Hip-hop is having a watershed moment for mental health. In the last two years, some of the biggest rappers have peeled back the curtain on their personal lives to shine a light on their struggles with mental health issues.
Take Kanye West’s album “The Life of Pablo”, where he mentions both seeing a psychiatrist and taking Lexapro, an antidepressant used to treat depression and anxiety disorders. Or Kid Cudi, who publicly announced he’d checked into rehab for depression and suicidal urges, writing that “anxiety and depression have ruled my life for as long as I can remember and I never leave the house because of it.” Even rap veteran Jay-Z has advocated the importance of therapy in recent months.
In the midst of hip-hop’s dive into mental health awareness, it’s perhaps unsurprising that many mainstream artists have also opened up about practicing meditation.

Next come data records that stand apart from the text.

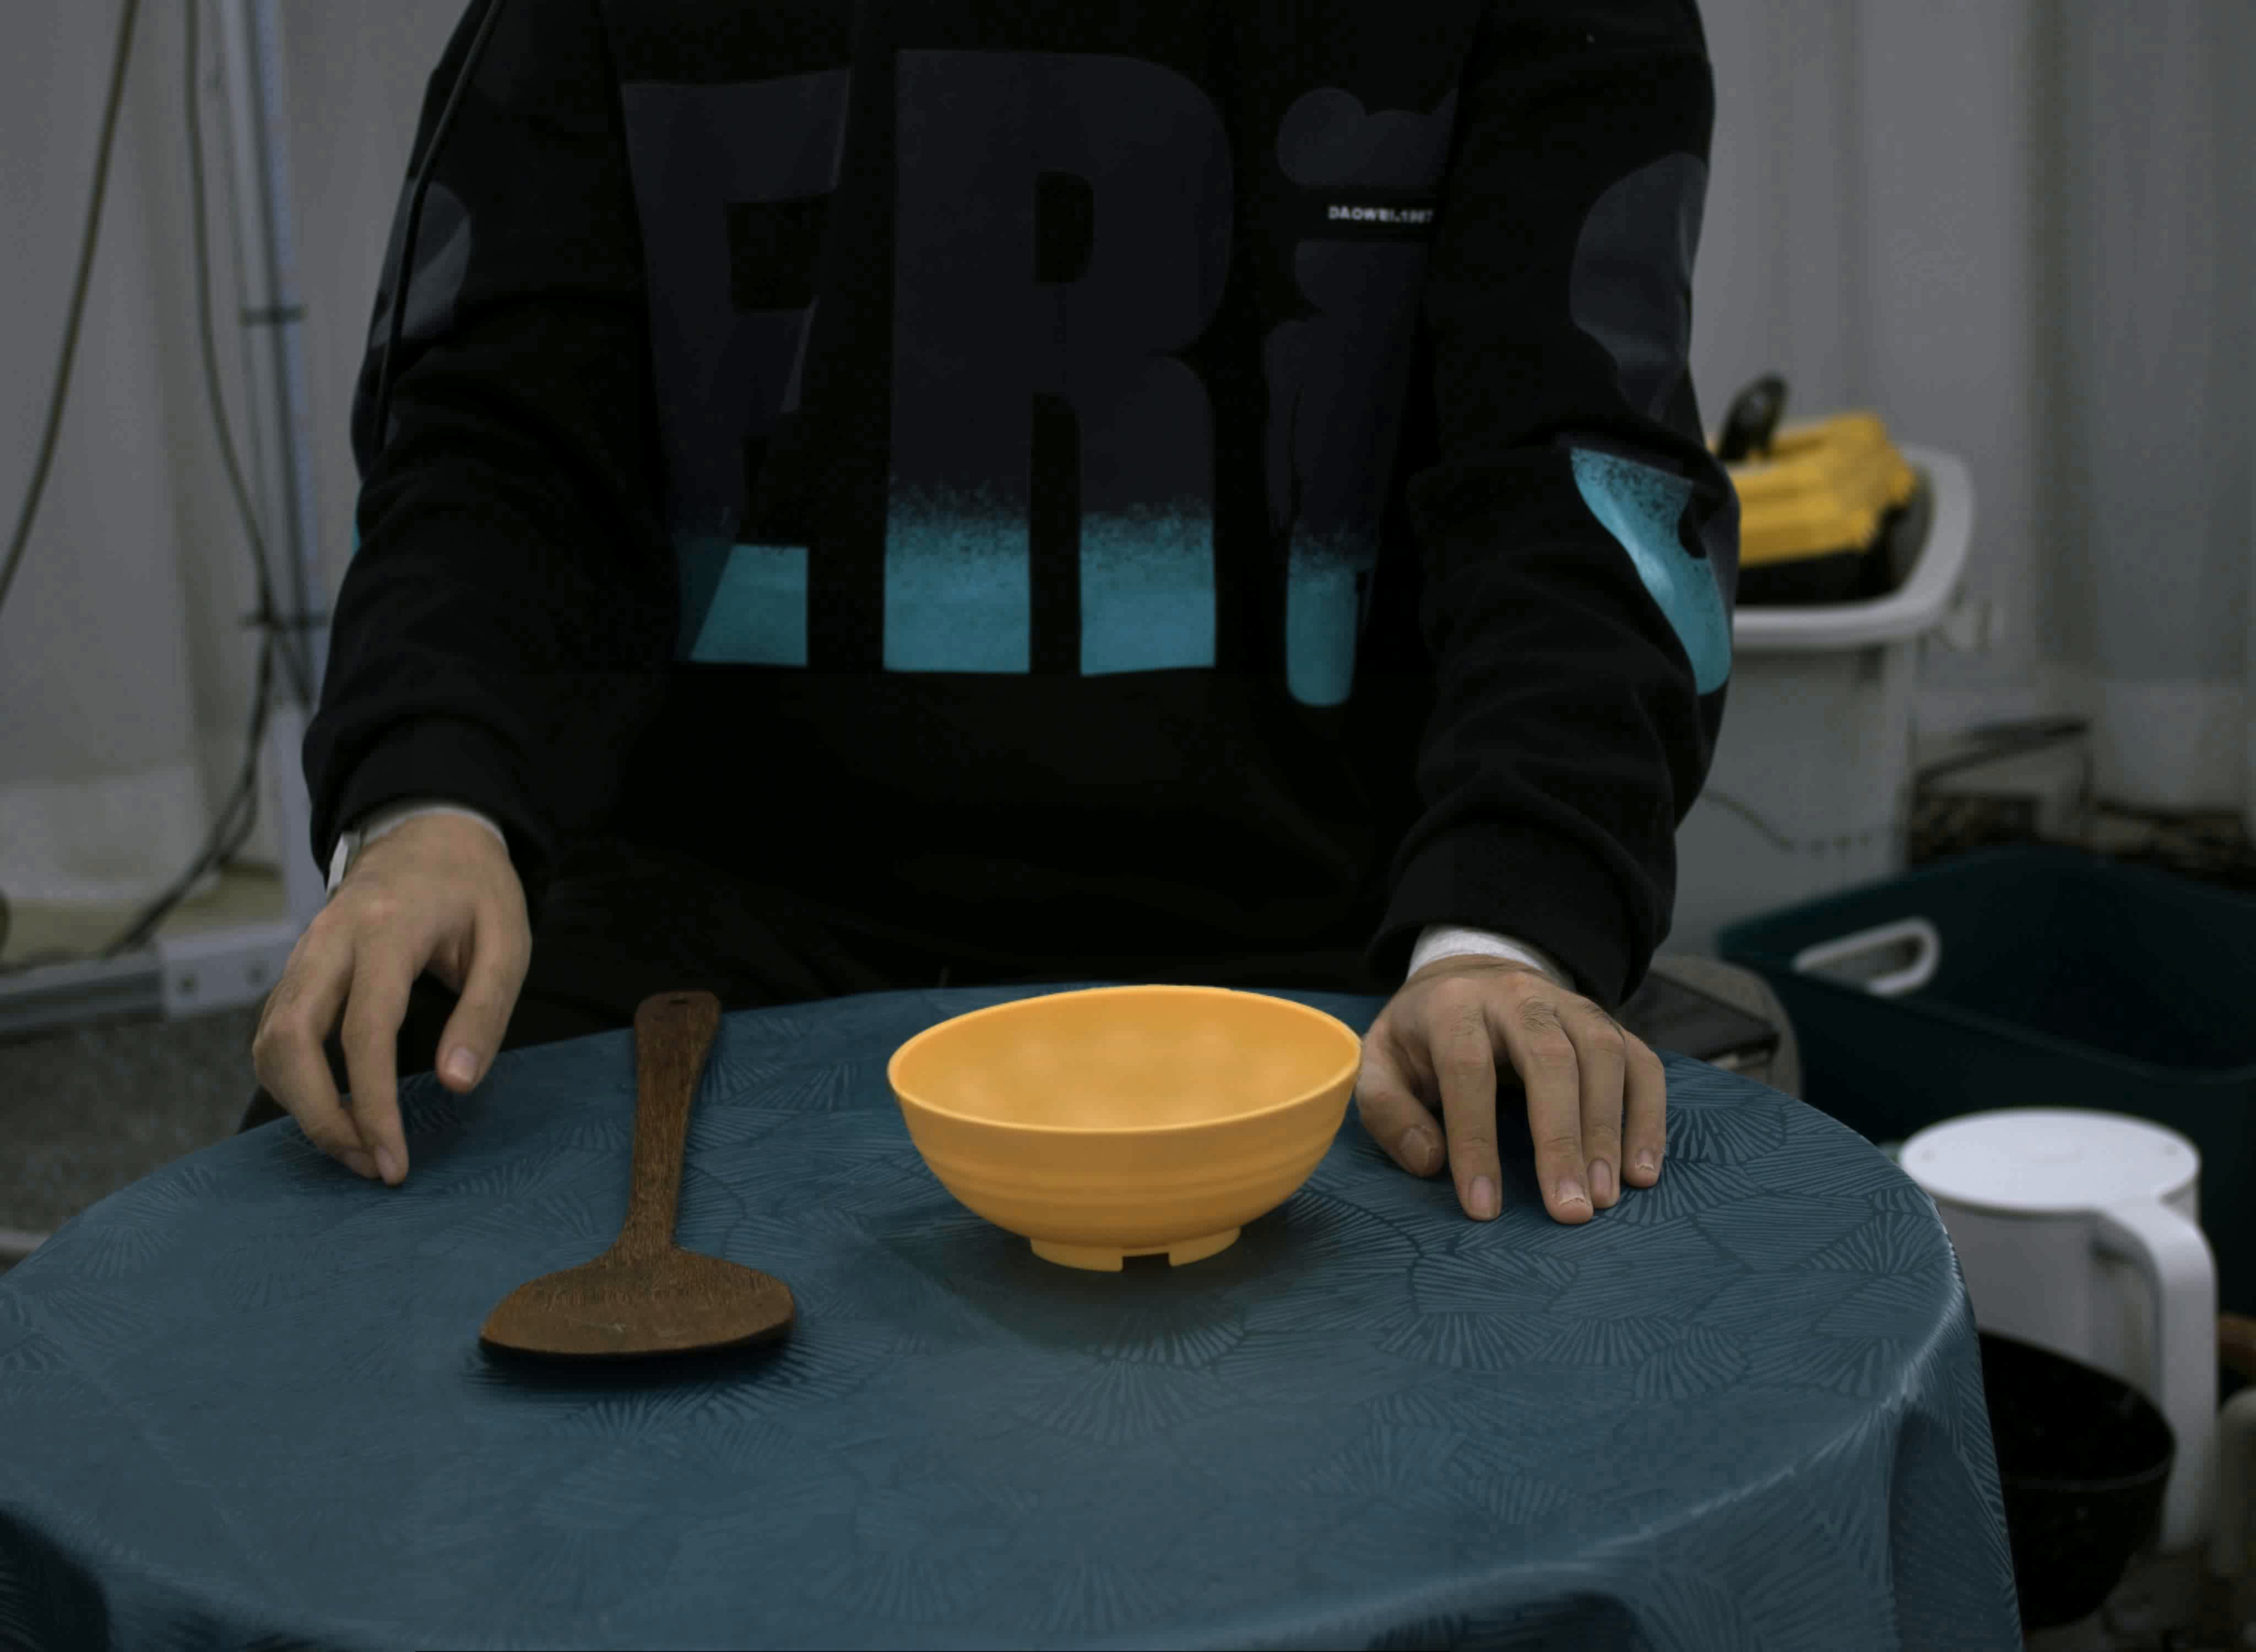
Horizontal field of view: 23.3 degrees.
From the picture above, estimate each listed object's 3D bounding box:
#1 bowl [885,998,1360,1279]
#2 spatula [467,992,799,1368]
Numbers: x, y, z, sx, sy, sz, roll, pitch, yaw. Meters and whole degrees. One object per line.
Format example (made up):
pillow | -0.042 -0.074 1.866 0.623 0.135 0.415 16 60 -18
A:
bowl | -0.001 0.100 1.666 0.145 0.060 0.146 -1 13 0
spatula | -0.151 0.107 1.747 0.096 0.016 0.388 -3 15 -2

Big Sean, Vic Mensa, Mac Miller, Earl Sweatshirt, J. Cole, and Drake, to name a few, have credited meditation as impacting areas of their lives and creative output.

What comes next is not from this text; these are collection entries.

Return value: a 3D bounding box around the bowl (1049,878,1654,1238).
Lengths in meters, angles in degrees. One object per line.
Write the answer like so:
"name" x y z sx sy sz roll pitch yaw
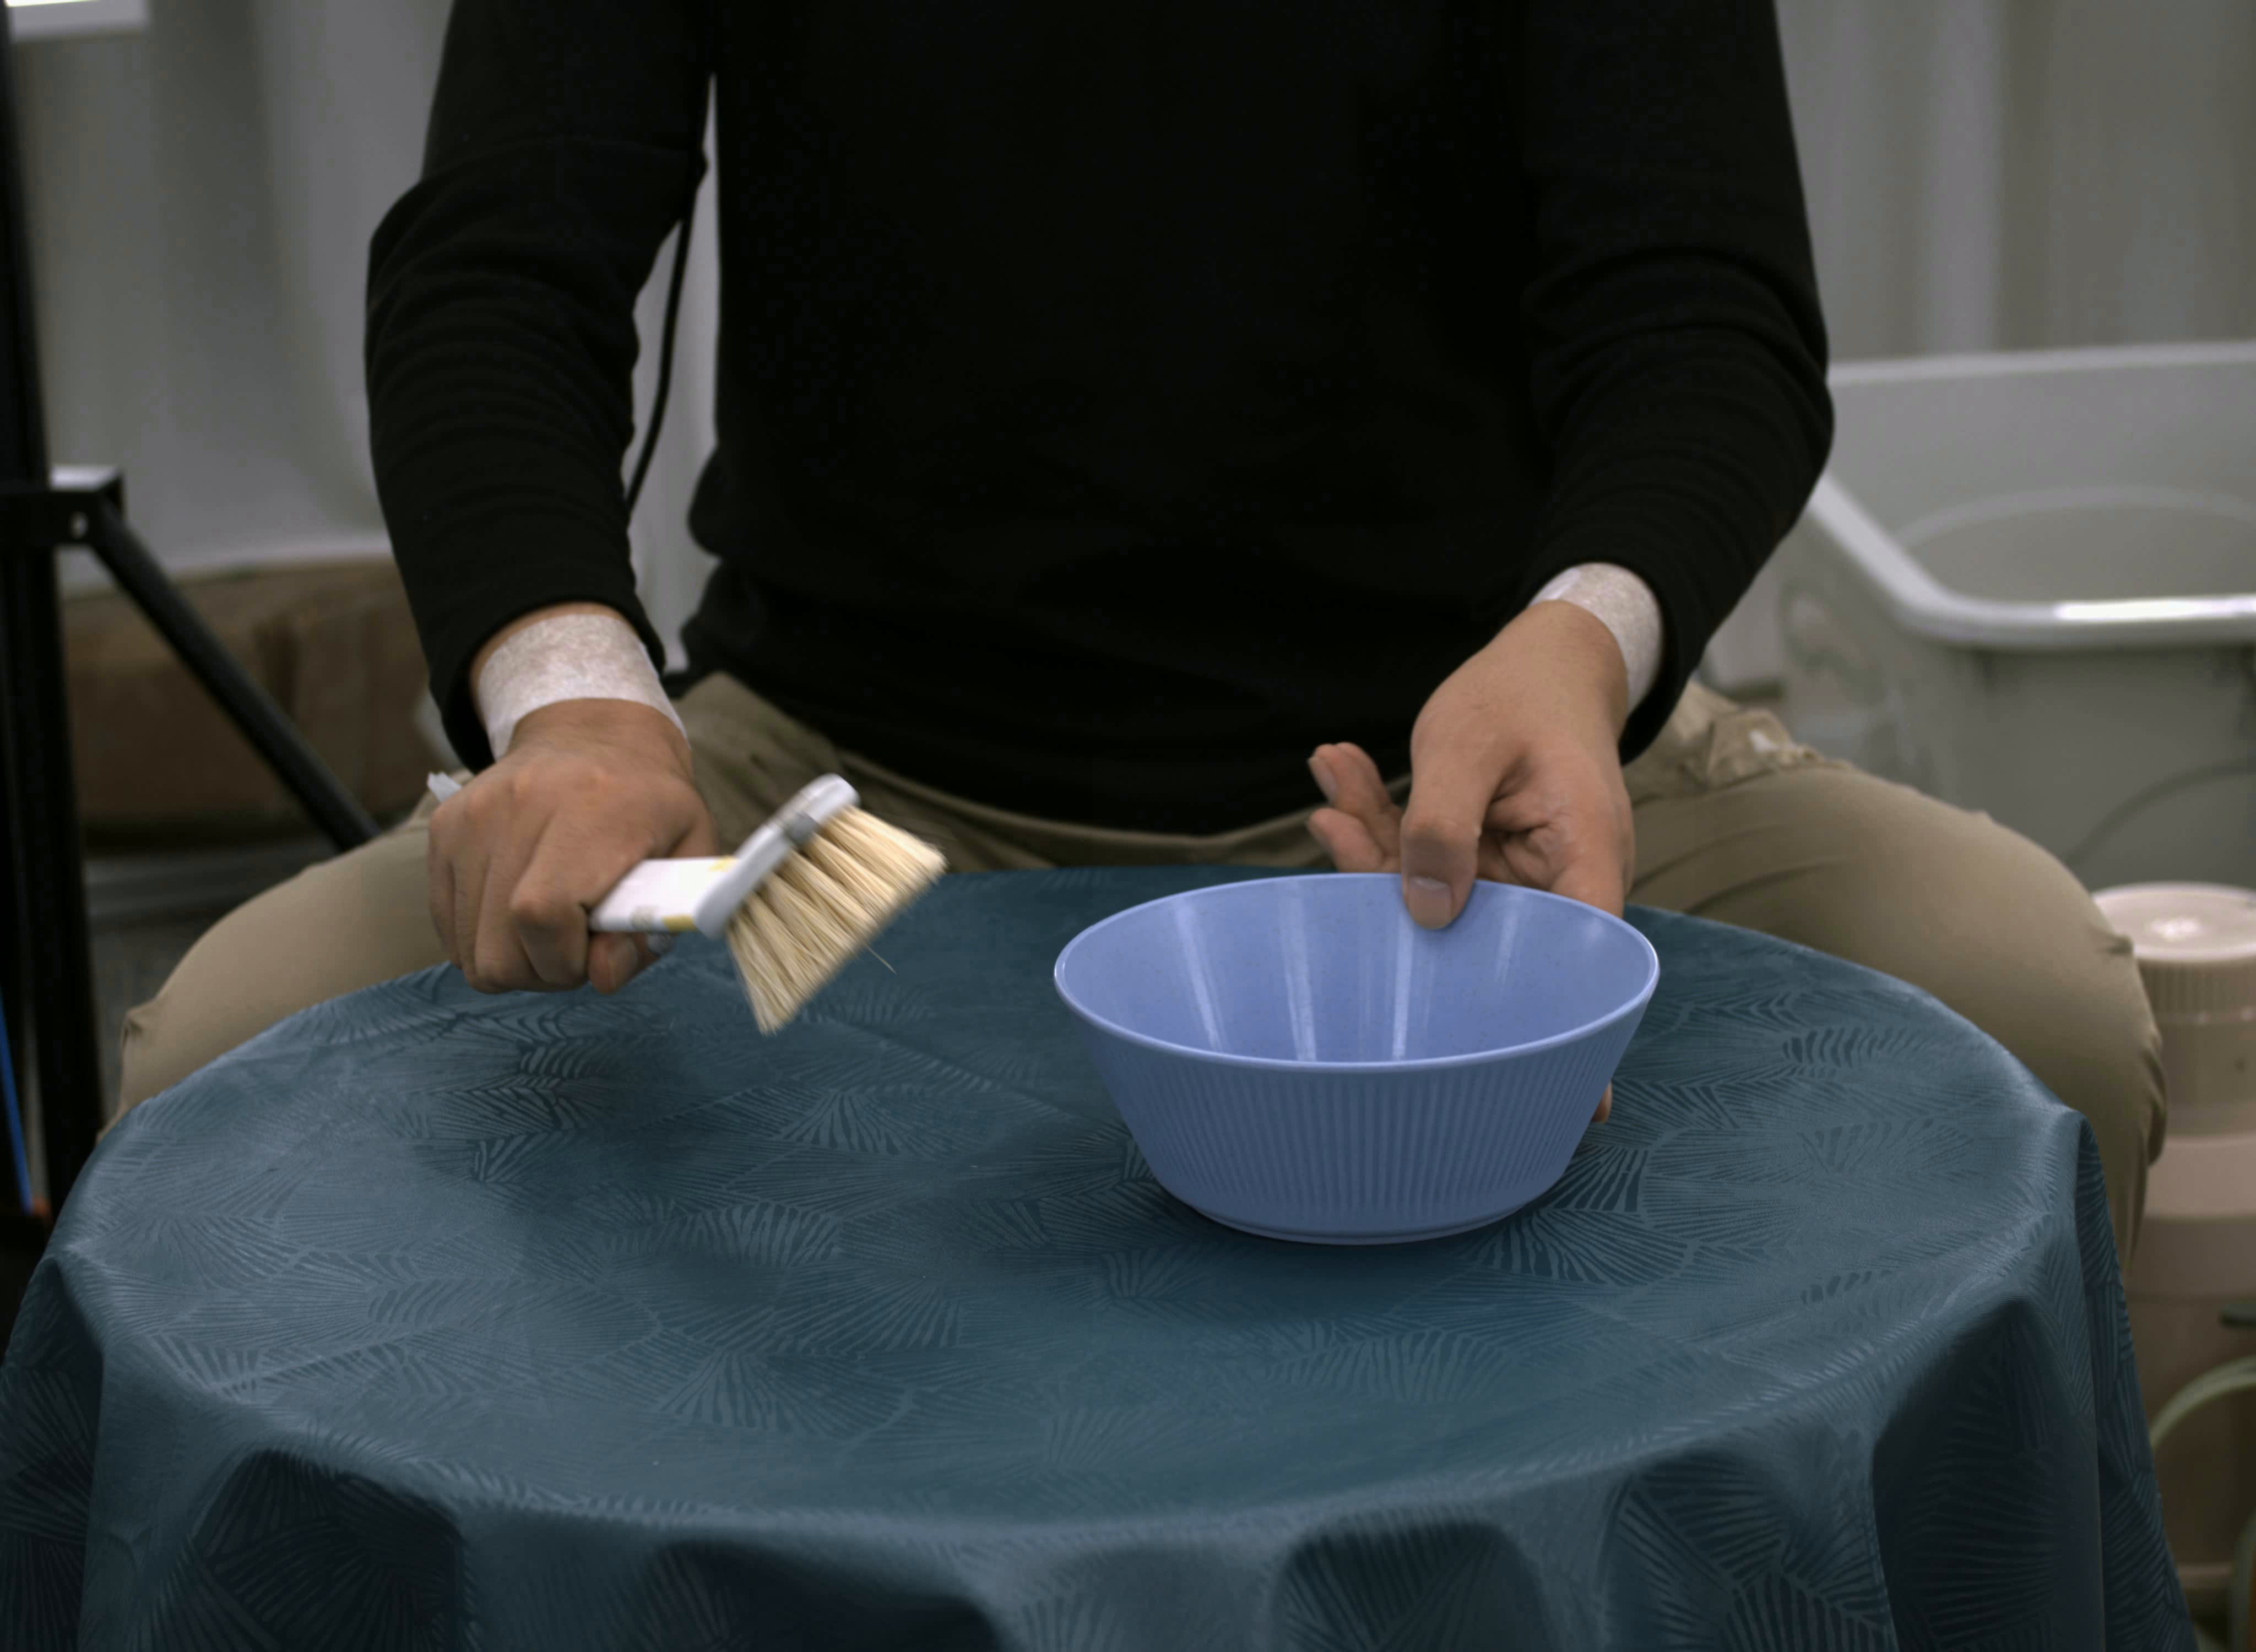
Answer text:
"bowl" 0.065 0.070 1.545 0.175 0.070 0.177 -1 16 -1

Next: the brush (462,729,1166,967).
"brush" -0.099 0.019 1.616 0.271 0.056 0.067 -11 15 41

And, of course, Def Jam Recordings label founders Rick Rubin and Russell Simmons attribute much of their success to meditation.
“[T]he person I am was shaped by the experience of the years of meditation,” says Rubin, who produced albums for everyone from Beastie Boys to Kanye. “I feel like I can see deeply into things in a way that many of the people around me don’t, or can’t.”
“Meditation is a guaranteed way to not only dip into, but stay connected with, your creative spirit,” echoes Simmons. “People have this misconception that meditation will chill you out and make you soft, but the opposite is true. I meditate every morning when I wake up and almost the second my session is over I’m eager to tackle whatever is on my plate for that day.”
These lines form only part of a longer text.